In probably my worst decision of the day, and certainly out of fear of an Oceanside crampfest repeat, at mile five after the first twitch of my left quad, I decided to take a Hot Shot, something I’d never drank before, but known for stopping cramping before it begins. Within thirty seconds, I felt an overwhelming heat come over me and my body slowed beyond my control as I began to wretch. My body totally rejected the supplement, made with natural ingredients like lemon juice and cayenne. This isn’t a knock on Hot Shot, and I usually can eat or drink anything and continue, but I definitely shouldn’t have tried something new on race day. At least the two guys in the parking lot who saw a guy running and vomiting have an awesome story now…

Bouncing back from that over the next mile was really a struggle, especially up a steep hill. My thoughts passed through fear, doubt and uncertainty, but ultimately I was able to pull myself together, regain focus and begin running a somewhat respectable pace again.

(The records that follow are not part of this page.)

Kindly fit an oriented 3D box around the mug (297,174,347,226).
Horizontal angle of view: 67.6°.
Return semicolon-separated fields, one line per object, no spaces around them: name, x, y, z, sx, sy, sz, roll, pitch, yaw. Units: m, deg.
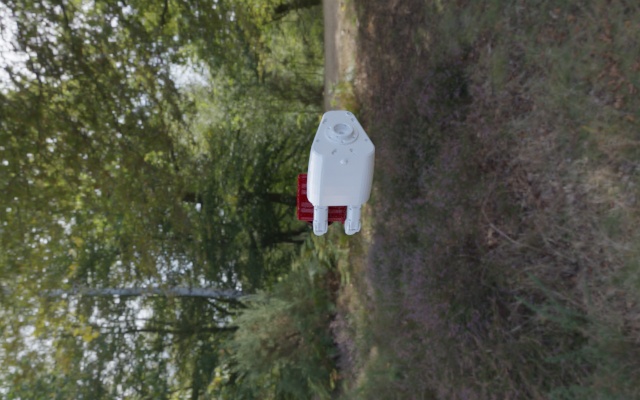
mug;0.000;0.004;0.836;0.081;0.093;0.117;1;-43;-3
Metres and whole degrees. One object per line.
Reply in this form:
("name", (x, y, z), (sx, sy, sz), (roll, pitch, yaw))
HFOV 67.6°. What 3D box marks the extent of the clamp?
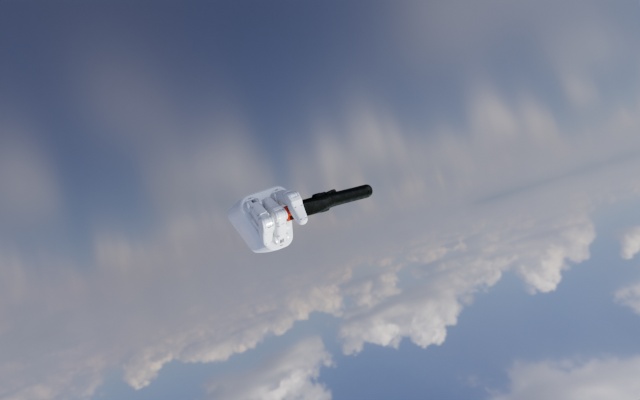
("clamp", (0.000, 0.004, 0.897), (0.171, 0.039, 0.120), (-14, -1, -27))
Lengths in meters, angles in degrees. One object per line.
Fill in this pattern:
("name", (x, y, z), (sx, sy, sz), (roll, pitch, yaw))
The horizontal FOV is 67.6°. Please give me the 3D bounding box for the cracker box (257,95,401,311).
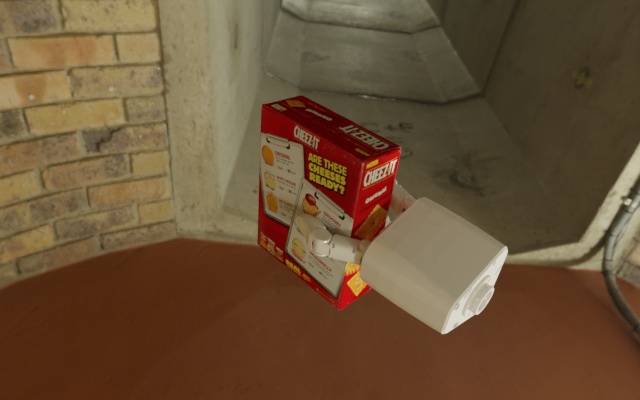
("cracker box", (0.000, 0.002, 0.585), (0.072, 0.214, 0.164), (-25, 46, -38))
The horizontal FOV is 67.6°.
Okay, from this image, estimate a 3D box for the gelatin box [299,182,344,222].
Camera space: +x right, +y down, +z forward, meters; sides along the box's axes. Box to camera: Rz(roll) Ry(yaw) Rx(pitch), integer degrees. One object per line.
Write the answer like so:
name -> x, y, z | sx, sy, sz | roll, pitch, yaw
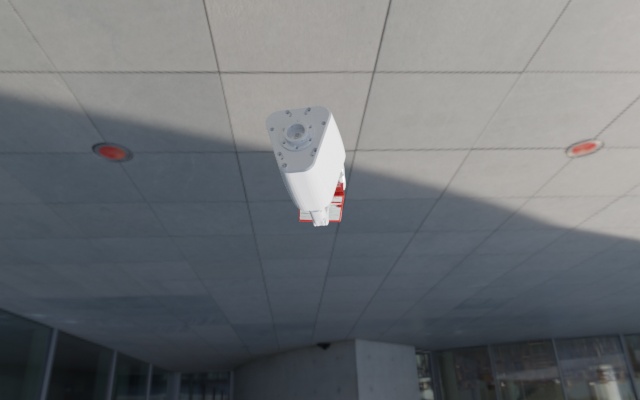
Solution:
gelatin box -> 0.000, 0.003, 0.805 | 0.073, 0.030, 0.089 | 0, -32, -2
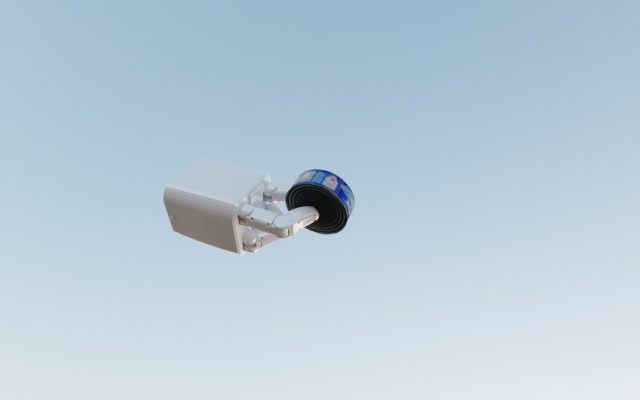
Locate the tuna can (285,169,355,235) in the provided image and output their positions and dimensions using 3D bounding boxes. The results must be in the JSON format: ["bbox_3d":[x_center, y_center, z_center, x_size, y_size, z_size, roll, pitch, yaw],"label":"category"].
[{"bbox_3d":[0.000,0.002,0.615,0.086,0.086,0.033,0,40,29],"label":"tuna can"}]
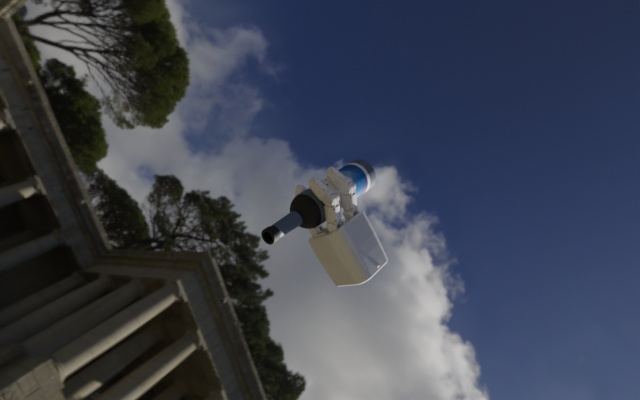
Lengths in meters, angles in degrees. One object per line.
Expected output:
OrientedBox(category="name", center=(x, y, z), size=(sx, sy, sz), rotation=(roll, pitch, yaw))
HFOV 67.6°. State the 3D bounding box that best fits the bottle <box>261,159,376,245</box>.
OrientedBox(category="bottle", center=(0.000, 0.003, 0.865), size=(0.069, 0.069, 0.295), rotation=(0, 22, 38))
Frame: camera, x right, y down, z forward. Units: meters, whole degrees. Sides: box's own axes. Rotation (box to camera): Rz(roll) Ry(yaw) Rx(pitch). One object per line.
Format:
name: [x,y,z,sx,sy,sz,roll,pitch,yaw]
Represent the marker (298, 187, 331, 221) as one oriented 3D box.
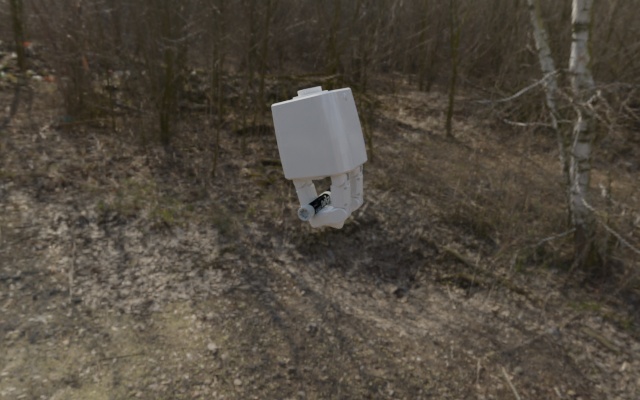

There are several U-turns on the course that allow you to see how far behind competitors are. The first lap ended and while I was still in a decent lead, realizing my run goal time was out the window, my objective was to run well enough to win. That became a challenge at the U-turn before mile nine when I saw teammate Kevin Denny inexplicably had closed the gap by about a minute.

In an instant, the race changed. I began to run harder but it wasn’t long until he caught and passed me. I tried to hop on, focusing my gaze between his shoulder blades and hold the pace but it just wasn’t there on Sunday. He clocked a 1:16 and I did everything I could to hold onto a 1:19 for the win, ultimately finishing with a less 1:20, less than a minute behind Kevin overall. I gave KD a big hug at the finish line, congratulating him on a well executed race and the victory, before finding out someone who’d started later beat him by 8 seconds, shifting Kevin to 2nd and me to third (there seems to be no easy way to race head to head in amateur triathlon other than a mass start).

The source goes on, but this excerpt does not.